In a recent study sponsored by Siemens and conducted by SIS International Research, it was discovered that businesses with about 100 employees could be losing more than $500,000 a year because of “communications pain.”
Surveying more than 500 knowledge workers in eight countries (including the United States and the U.K.), the study revealed that 70 percent of respondents with up to 400 employees said they spend 17.5 hours a week addressing pain points caused by communication latencies and barriers.
According to the survey, while awareness of unified communication is growing among small and medium businesses, nearly 60 percent of SMBs are not currently employing it.
Here are the top five pain points, in order of their estimated expense to an SMB:
- Inefficient coordination: Slowing the realization of goals and deadlines, respondents spent an average of 3.7 hours trying to coordinate communications among team members.
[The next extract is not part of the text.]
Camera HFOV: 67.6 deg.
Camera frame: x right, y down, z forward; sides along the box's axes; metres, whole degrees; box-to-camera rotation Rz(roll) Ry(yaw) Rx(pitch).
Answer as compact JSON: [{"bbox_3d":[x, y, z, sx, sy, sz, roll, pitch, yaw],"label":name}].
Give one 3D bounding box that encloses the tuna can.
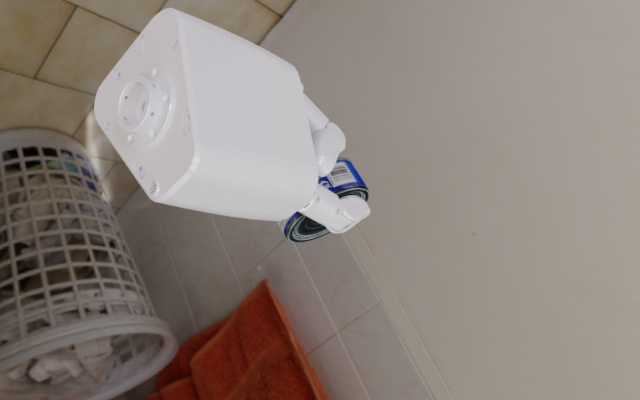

Also, 68 percent blamed this coordination trouble for affecting their ability to respond quickly to time-sensitive customer requests.
- Waiting for information: Negatively affecting critical business processes, respondents reported an average delay of 3.5 hours per week, per worker, in making progress on tasks because of a lack of information. Sixty-eight percent said they experience work delays while waiting for information from others they have attempted to reach multiple times, in multiple ways.
- Unwanted communications: Seventy-seven percent of the respondents noted that they spend two or more hours each week dealing with unwanted communications, including low-priority calls and voice mail.
- Customer complaints: Seventy-four percent of respondents average 3.3 hours a week dealing with negative customer comments and complaints, specifically because the customer was unable to reach them in a timely fashion. While the loss in worker productivity is important, of greater significance could be the cost of customer dissatisfaction.
- Barriers to collaboration: Spending an average of 3.3 hours per week trying to address issues of inaccessibility or lack of full collaboration with colleagues, 61 percent of respondents find it difficult to establish collaborative sessions with co-workers.
Which of the following best describes how green you consider your data center?
18% It’s like global warming over here.
14% We’re better than most.
6% What does green mean?
2% We’re Mother-Earth green.
60% I’ve seen better, and I’ve seen worse.
Source: CDW Poll of 282 BizTech readers
In today’s world, the smartphone has become an essential business tool, almost as important as the desktop PC itself.
Gartner’s survey of the mobile phone market in the first quarter of 2009 revealed that annual smartphone sales had grown by nearly one-fifth and accounted for nearly one-eighth of all mobile phones sold.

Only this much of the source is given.